Non-linear least squares fitting Issue

Hi,

I am new to stan and was hoping to use it to fit some mass spec data. I have normalized the data and believe that it should be the addition of two skewed gaussians. I was working from this guide and modified it to be the sum of two skewed gaussians. I have tried the following code but seem to be misunderstanding how to correctly define my model. Any help would be appreciated!

Best,
Matt

stan_code="""
data {
 int<lower = 0> N;
 vector[N] y;
}

parameters {
  ordered[2] xi;
  real<lower=0> alpha[2];
  real<lower=0> omega[2];

}

model {
 xi ~ normal(0,1);
 alpha ~ normal(0, 2);
 omega ~ normal(0,2);
 for (n in 1:N)

  target += log_sum_exp(skew_normal_lpdf(y[n] | xi[1], alpha[1],omega[1]),
                        skew_normal_lpdf(y[n] | xi[2], alpha[2],omega[2]));

}
"""

Attached is the data
data1.csv (9.2 KB)


I have tried to simply my model to fit a single gaussian and basing it off of this post. I am still unable to fit the model unfortunately

"""

functions {
    real phi(real x, real mu, real sigma){
        return 1 / (sigma * sqrt(2 * pi())) * exp(-(x - mu)^2/(2 * sigma^2));
    }
}

data {
 int<lower = 0> N;
 vector[N] y;
 vector[N] x;
}


parameters {
  real m;
  real<lower=0> sigma;
  real<lower=0> s;
}



model {
    //priors
    m ~ normal(0, 1);
    s ~ normal(0,1);
    sigma ~ normal(0,1);

    for(i in 1:N){
        y[i] ~ normal(phi(x[N], m, s),  sigma);
}
}
"""

Hey Matt,

I haven’t tried fitting your model myself, but what happens if you do?
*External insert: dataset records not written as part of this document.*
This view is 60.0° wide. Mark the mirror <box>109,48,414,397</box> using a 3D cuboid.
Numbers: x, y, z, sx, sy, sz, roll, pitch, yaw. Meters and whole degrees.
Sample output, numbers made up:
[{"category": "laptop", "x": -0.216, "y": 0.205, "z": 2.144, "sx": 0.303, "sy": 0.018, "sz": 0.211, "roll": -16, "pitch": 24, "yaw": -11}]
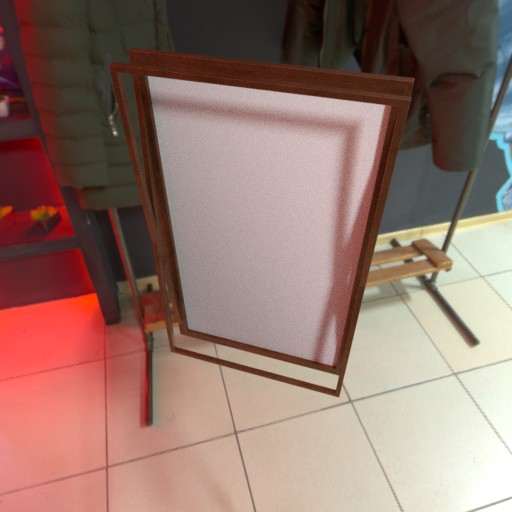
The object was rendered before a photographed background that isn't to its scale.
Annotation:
[{"category": "mirror", "x": 0.000, "y": 0.000, "z": 0.937, "sx": 0.468, "sy": 0.768, "sz": 0.082, "roll": 12, "pitch": 44, "yaw": 13}]
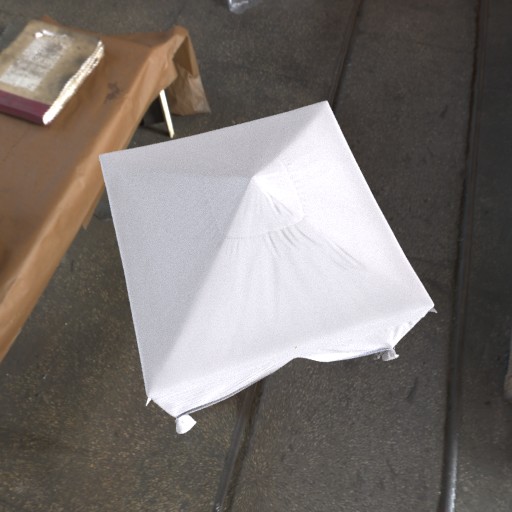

The model takes long to fit? What does eg CmdStan’s diagnose method say?

Thanks for the reply Funko! The model is able to be built but I receive the following error message when I run it using pystan

  Adjust your expectations accordingly!
  Informational Message: The current Metropolis proposal is about to be rejected because of the following issue:
  Exception: normal_lpdf: Location parameter is nan, but must be finite! (in '/var/folders/6h/9f7j8fsj22v6ddn590l30hrr0000gn/T/httpstan_4mw73x6z/model_dyuyrw4x.stan', line 5, column 8 to column 77)
  If this warning occurs sporadically, such as for highly constrained variable types like covariance matrices, then the sampler is fine,
  but if this warning occurs often then your model may be either severely ill-conditioned or misspecified.
  Gradient evaluation took 0.000369 seconds
  1000 transitions using 10 leapfrog steps per transition would take 3.69 seconds.
  Adjust your expectations accordingly!
  Informational Message: The current Metropolis proposal is about to be rejected because of the following issue:
  Exception: normal_lpdf: Scale parameter is 0, but must be positive! (in '/var/folders/6h/9f7j8fsj22v6ddn590l30hrr0000gn/T/httpstan_4mw73x6z/model_dyuyrw4x.stan', line 5, column 8 to column 77)
  If this warning occurs sporadically, such as for highly constrained variable types like covariance matrices, then the sampler is fine,
  but if this warning occurs often then your model may be either severely ill-conditioned or misspecified.
<stan.Fit>
Parameters:
    m: ()
    sigma: ()
    s: ()
Draws: 2000

Here is the code I am running in PyStan

df = pd.read_csv('data.csv',header=0,index_col=0)

yCol = np.array(df['Y']).reshape(-1, 1)

from sklearn.preprocessing import MinMaxScaler
minmax_scale = MinMaxScaler().fit(yCol)
df_minmax = minmax_scale.transform(yCol)




xDist=np.arange(0,len(df_minmax[:,0]))

curve_data={'N':yCol.shape[0],'y':df_minmax[:,0],'x':xDist}

posterior = stan.build(epsilon_code,data=curve_data,random_seed=1)
fit = posterior.sample(num_chains=2, num_samples=1000)
print(fit)
1 Like

There’s a bit of a conceptual gap here. You have data whereby you have a measured absorption (or maybe the reverse?) at each of many wavelengths and you are trying to do inference on the underlying functional form of the data. Visually, the data look like they trace out the curve reflecting the probability density function of a mixture of two skew-normals, but that is different from modelling the data as a skew-normal-mixture. Think of the skew-normal (or a mixture of multiple skew-normals) as a convienient parameterized shape that expresses your expectation (f(x)) for what you will observe at each wavelength under conditions of zero measurement noise. What that framing highlights then is that you still need to add several quantities before you are actually have a proper generative model of your data.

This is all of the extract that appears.